I will try to look into this, thanks.

> The thing is, with an emacs daemon, after I close the last graphical
> frame, x_delete_terminal is always called and the display is always
> closed. It happens no matter if I build it with or without cairo, with
> errors or without errors.

Which X toolkit did you build Emacs with?




Information forwarded to bug-gnu-emacs <at> gnu.org:
bug#63589; Package emacs. (Mon, 22 May 2023 02:50:02 GMT) Full text and rfc822 format available.

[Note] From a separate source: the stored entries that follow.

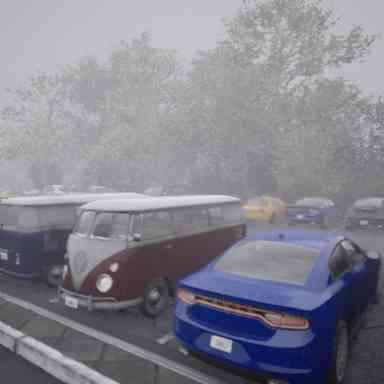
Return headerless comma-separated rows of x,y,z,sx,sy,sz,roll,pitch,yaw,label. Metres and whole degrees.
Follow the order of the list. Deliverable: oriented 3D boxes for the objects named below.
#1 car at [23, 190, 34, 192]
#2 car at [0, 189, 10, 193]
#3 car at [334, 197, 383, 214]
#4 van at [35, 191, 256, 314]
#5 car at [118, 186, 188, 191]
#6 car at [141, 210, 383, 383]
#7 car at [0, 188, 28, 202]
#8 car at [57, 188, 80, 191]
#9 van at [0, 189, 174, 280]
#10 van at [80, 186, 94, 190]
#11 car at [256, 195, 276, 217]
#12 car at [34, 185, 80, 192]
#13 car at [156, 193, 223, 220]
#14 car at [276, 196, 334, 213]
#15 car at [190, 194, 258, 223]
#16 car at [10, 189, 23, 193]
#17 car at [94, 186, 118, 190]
-13.481,0.598,32.800,2.163,1.488,4.792,1,2,36,car
-20.281,0.415,37.606,1.946,1.575,5.366,1,2,36,car
8.897,1.011,16.371,2.231,1.521,4.892,1,2,36,car
-0.571,1.086,6.959,1.878,1.987,4.442,1,2,36,van
-2.301,0.570,24.571,2.435,2.045,5.566,1,2,36,car
1.758,1.340,5.391,2.097,1.535,5.008,1,2,36,car
-22.405,0.363,39.404,2.231,1.521,4.892,1,2,36,car
-8.882,0.663,29.684,1.946,1.575,5.366,1,2,36,car
-2.689,1.045,8.806,1.878,1.987,4.442,1,2,36,van
-6.688,0.494,27.978,1.878,1.987,4.442,1,2,36,van
4.536,0.936,19.815,1.946,1.575,5.366,1,2,36,car
-11.211,0.367,31.194,2.435,2.045,5.566,1,2,36,car
-0.031,0.894,22.982,2.163,1.488,4.792,1,2,36,car
6.660,0.978,18.017,2.097,1.535,5.008,1,2,36,car
2.176,0.939,21.286,2.163,1.488,4.792,1,2,36,car
-15.682,0.390,34.489,2.185,1.767,4.553,1,2,36,car
-4.504,0.522,26.262,2.435,2.045,5.566,1,2,36,car
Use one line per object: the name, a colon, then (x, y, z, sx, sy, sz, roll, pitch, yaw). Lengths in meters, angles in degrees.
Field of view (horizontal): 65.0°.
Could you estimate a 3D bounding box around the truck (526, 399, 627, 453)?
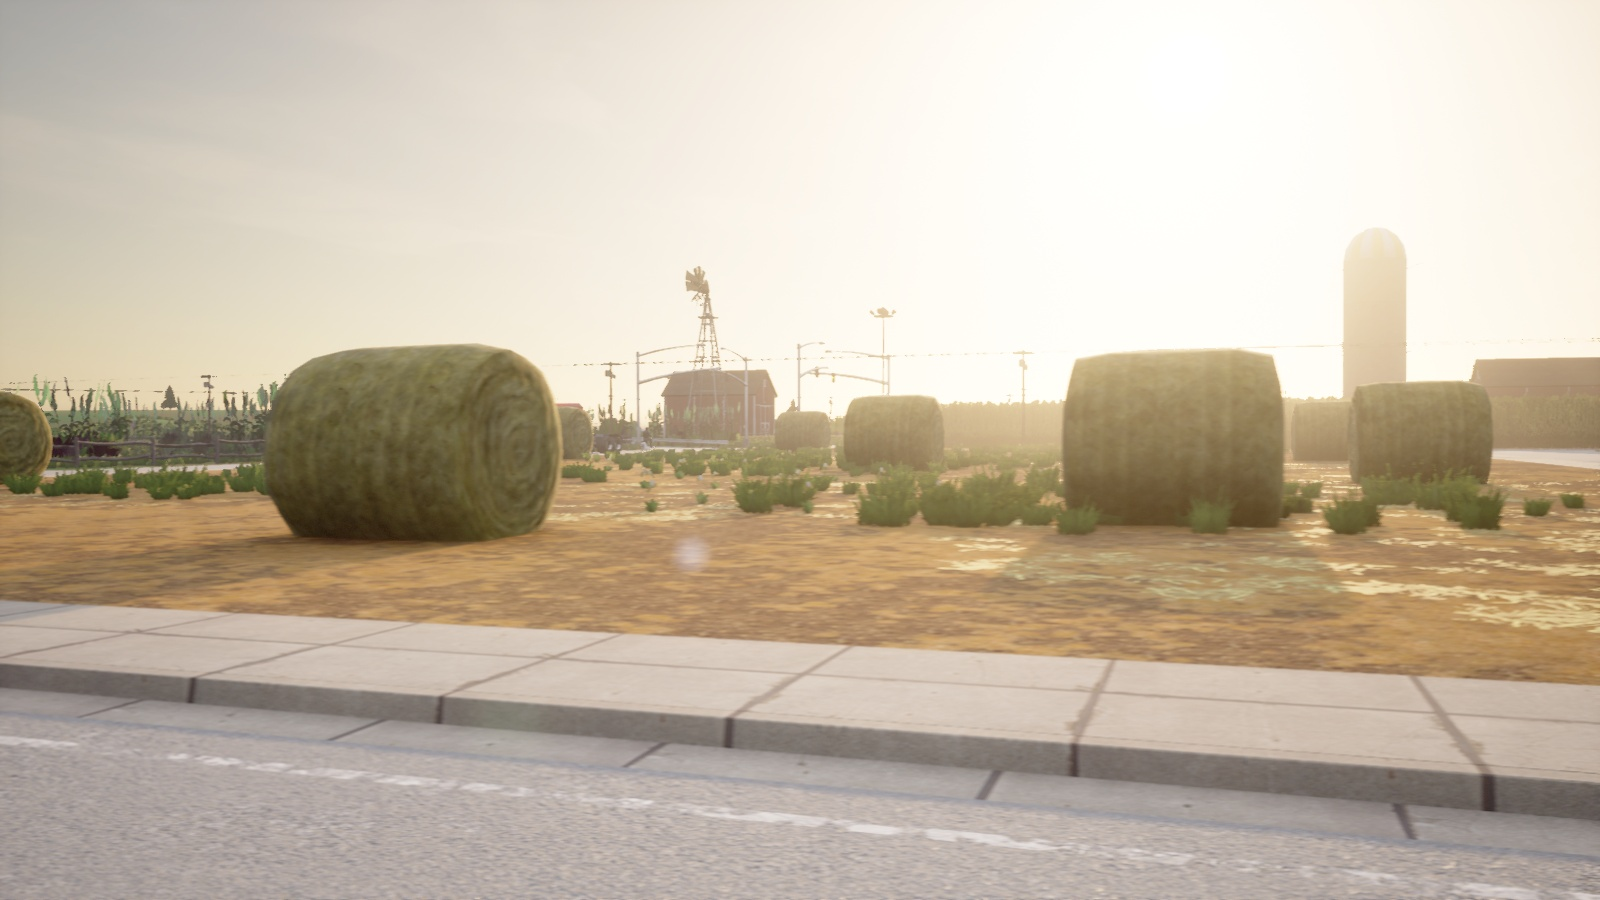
truck: (-14.830, -1.595, 83.999, 2.891, 3.462, 7.936, 1, 1, 21)
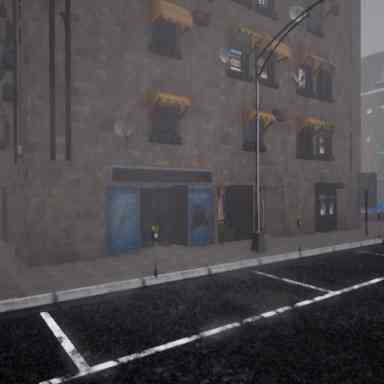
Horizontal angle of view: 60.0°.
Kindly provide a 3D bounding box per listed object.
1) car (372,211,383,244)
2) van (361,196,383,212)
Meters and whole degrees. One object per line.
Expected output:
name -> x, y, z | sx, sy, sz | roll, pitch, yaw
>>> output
car -> 9.316, 1.525, 13.212 | 4.829, 1.417, 1.752 | 0, 0, -35
van -> 17.835, 1.287, 34.111 | 1.690, 1.788, 3.998 | 0, 0, -36
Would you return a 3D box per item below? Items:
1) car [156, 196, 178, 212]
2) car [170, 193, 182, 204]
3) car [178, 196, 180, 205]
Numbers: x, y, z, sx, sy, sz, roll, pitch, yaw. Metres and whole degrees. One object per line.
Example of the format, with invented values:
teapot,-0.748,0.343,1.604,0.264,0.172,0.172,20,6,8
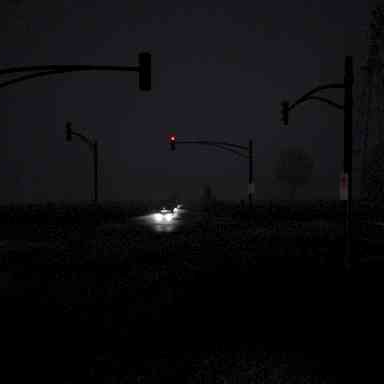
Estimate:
car,-2.983,1.486,37.716,2.128,1.511,4.902,0,0,-1
car,-3.092,1.211,60.848,2.150,2.045,5.566,0,1,1
car,-3.040,1.596,47.531,1.895,1.301,4.718,0,0,0
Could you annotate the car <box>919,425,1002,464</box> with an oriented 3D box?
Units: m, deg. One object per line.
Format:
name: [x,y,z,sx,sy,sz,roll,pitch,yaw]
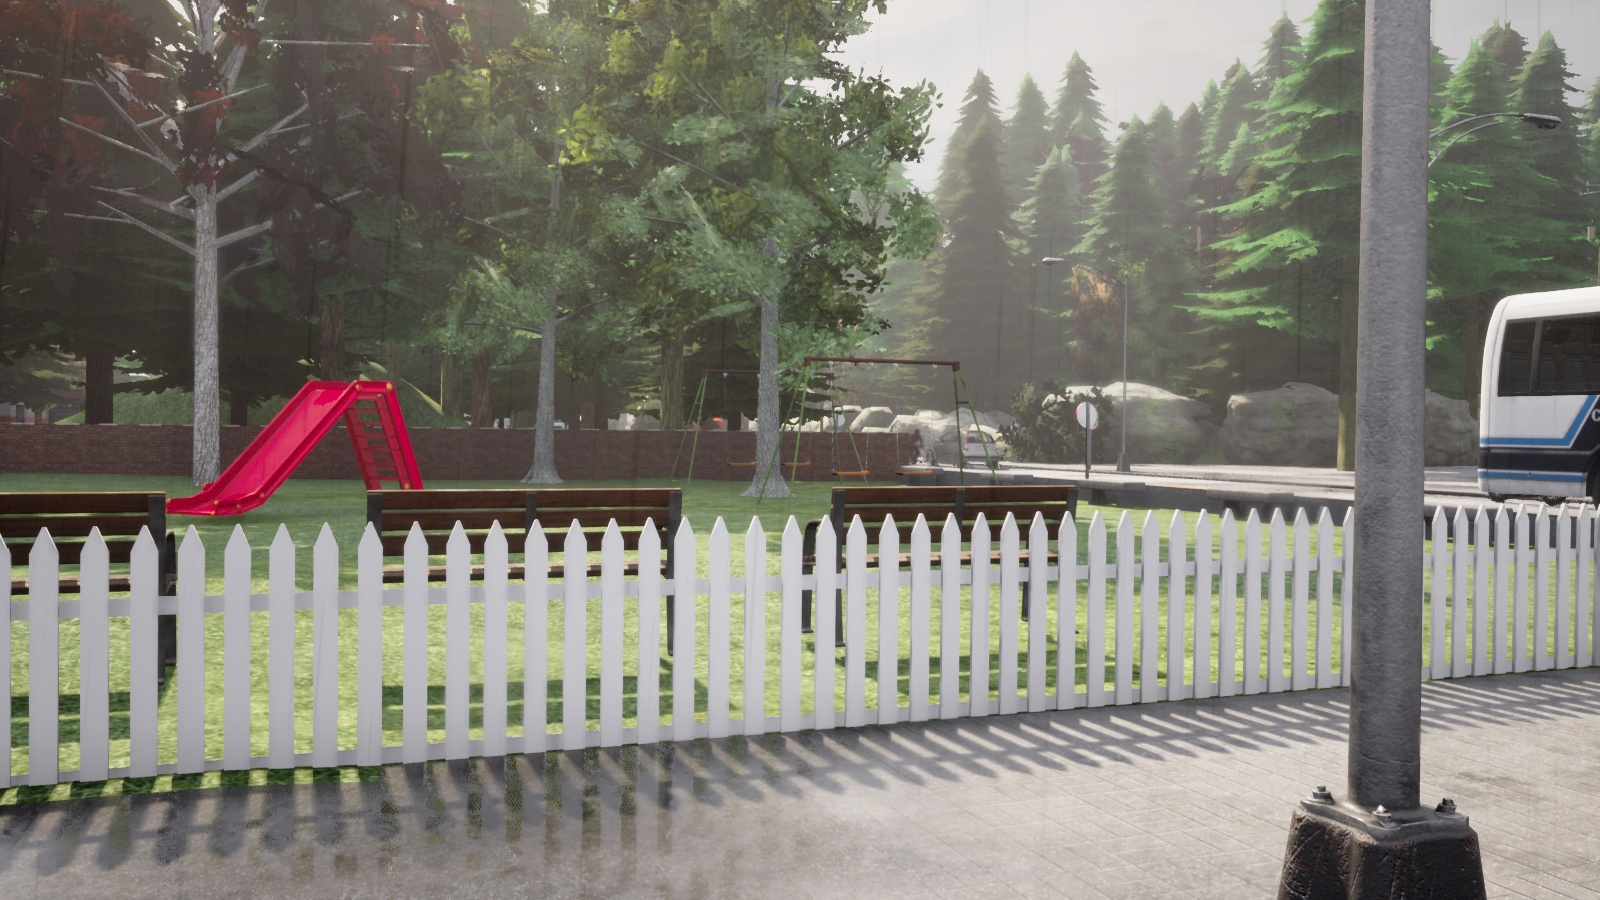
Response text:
car: [6.836,-0.254,53.891,1.851,1.617,3.988,-1,1,-21]

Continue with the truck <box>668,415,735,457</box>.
truck: [-6.054,-0.866,76.473,2.627,2.467,5.204,-1,1,-21]

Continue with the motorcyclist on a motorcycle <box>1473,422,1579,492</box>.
motorcyclist on a motorcycle: [16.502,0.136,28.613,0.797,1.523,2.044,-1,1,-21]

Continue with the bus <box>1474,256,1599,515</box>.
bus: [15.953,-1.057,18.788,3.944,4.253,10.273,-1,1,-21]

Message #44 received at 63589 <at> debbugs.gnu.org (full text, mbox):

From: Po Lu <luangruo <at> yahoo.com>
To: Eli Zaretskii <eliz <at> gnu.org>
Cc: 63589 <at> debbugs.gnu.org, Thiago Melo <tmdmelo <at> gmail.com>
Subject: Re: bug#63589: [PATCH] 29.0.91; crash after creating graphical
 frames via emacsclient when compiled with cairo-xcb
Date: Mon, 22 May 2023 10:48:43 +0800
Po Lu <luangruo <at> yahoo.com> writes:

> The situation in which this crash occurs is sufficiently uncommon.  It's
> the result of another bug in Emacs, hopefully one that should be safe to
> fix.

Unfortunately, both this crash and its cause (actually, a
RenderBadPicture from a glyph compositing request somewhere within
cairo) are bugs in cairo-xcb itself.  Emacs never allows the display
connection to be closed without dereferencing all Cairo resources
created for that display connection, but Cairo keeps its own references
around.

The only reasonable solution is to disable the use of XCB surfaces by
default.  Is this OK for the release branch?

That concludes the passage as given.